The U.S. Dollar Index did manage a gain after recovering from an initial slide when trading resumed. Sliding slowly initially, the drop accelerated until the bottom of 80.96 was reached as of 9:45 PM. At that point, a rally got rolling that gained traction around midnight. 1:45 to 2:45 saw an acceleration of the upturn to its climax at 81.3. Subsequently, the Index pulled back a little before pulling up. As of 8:06 AM ET, it was at 81.23.

A Reuters article highlights palladium's advance to a two-year high. Gold's trading so far has been thin.
Dealers awaited the release of an ISM survey on the U.S. services sector for March later on Monday, and a policy meeting by the Reserve Bank of Australia on Tuesday, expected to raise rates by 25 basis points to 4.25 percent.

"We are likely to see a further strengthening of the dollar ahead," said Wong Eng Soon, an investment analyst at Phillip Futures in Singapore, referring to recent economic data such as non-farm payrolls that supported the dollar.

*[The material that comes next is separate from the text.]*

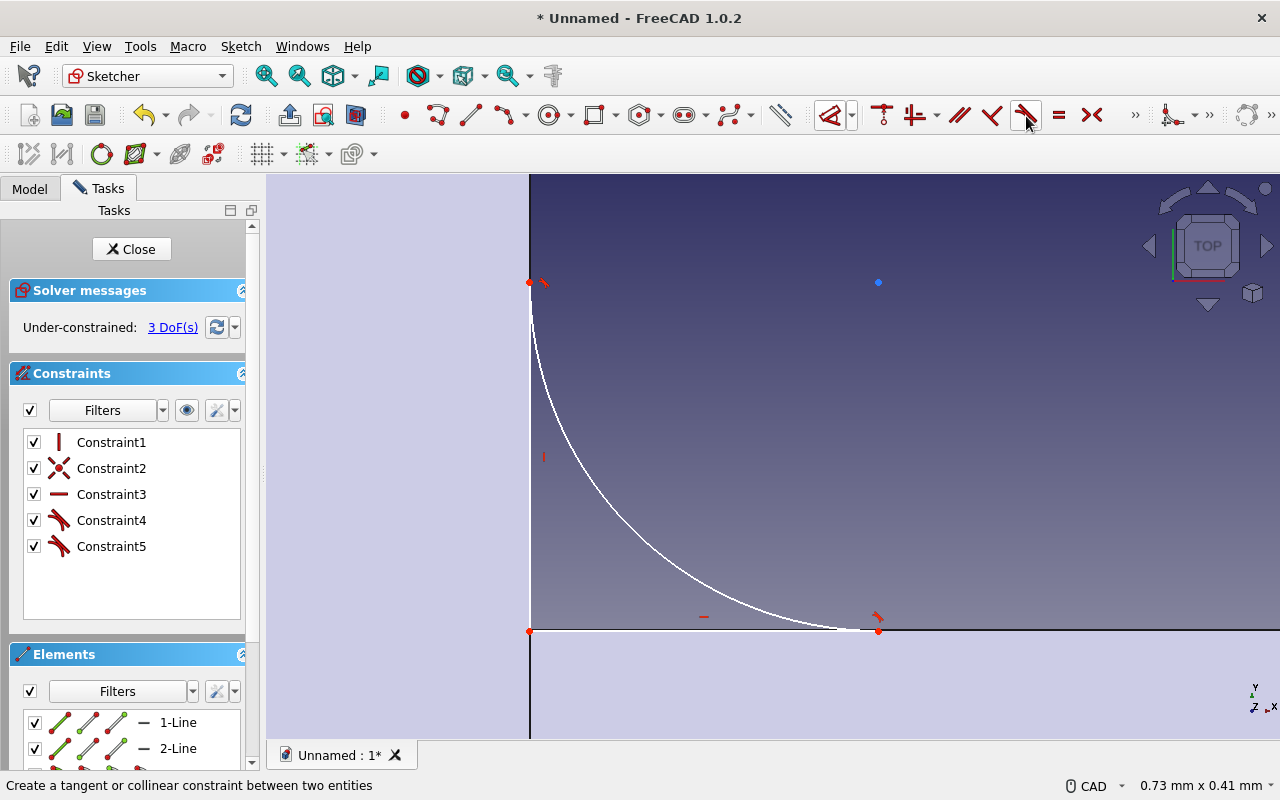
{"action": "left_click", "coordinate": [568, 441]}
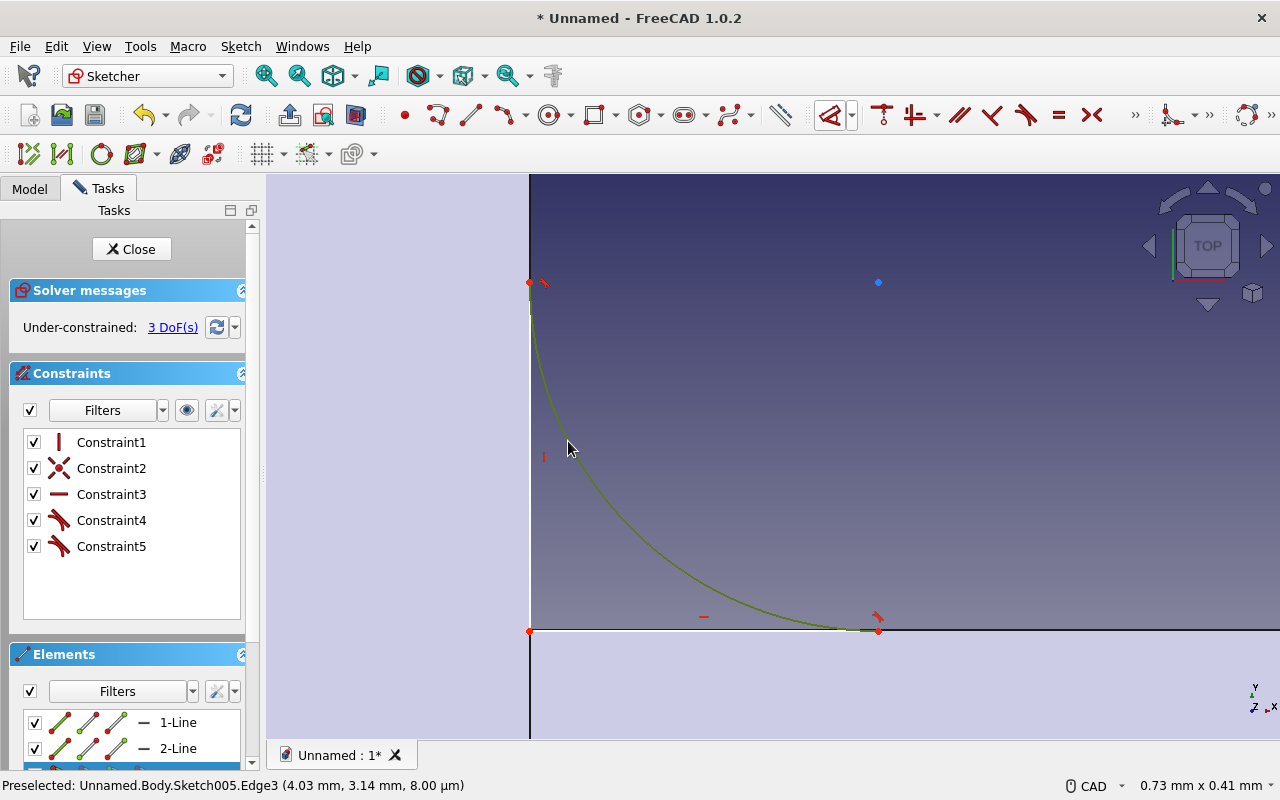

"All tightening measures, whether they come from Australia or China, have the effect of lower commodity prices. I am looking at the topside resistance at $1,140 and a very firm support at $1,110. Gold has more downside risk."
There's also a thinness in coverage this post-holiday Monday. A Commodities Online report attributes the earlier rise to hope for economic recovery:
Gold prices eased in thin Asian trade Monday, after advancing earlier on signs of global economic recovery, as markets reopened after Easter holidays.
The rest of the article which deals with gold contained the above-quoted item in the Reuters report about waiting for data.

As regular trading opened, gold slumped a little. Downward pressure resulted in the metal losing about three dollars an ounce between 8:15 and 8:40. As of 8:43 AM ET, the spot price was $1,125.80 for a drop of $0.60 since Friday's close. The Kitco Gold Index assigned -$0.80 to the predominant-selling category and +$0.20 to the weakening-greenback category. It took little more than fifty minutes for the two categories to flip-flop from positive to negative and vice-versa. The U.S. Dollar Index slumped a little after fluctuating: as of 8:50, it was at 81.14.

Today's trading in gold started off slow, but it will provide a gauge of the internal strength of last week's rally as volume returns to normal. Gold may stay where it is, even if it still has trouble getting and staying above $1,125-8. That would be good enough for the metal; it would show that last Wednesday and Thursday's rises, although on this volume, were legit.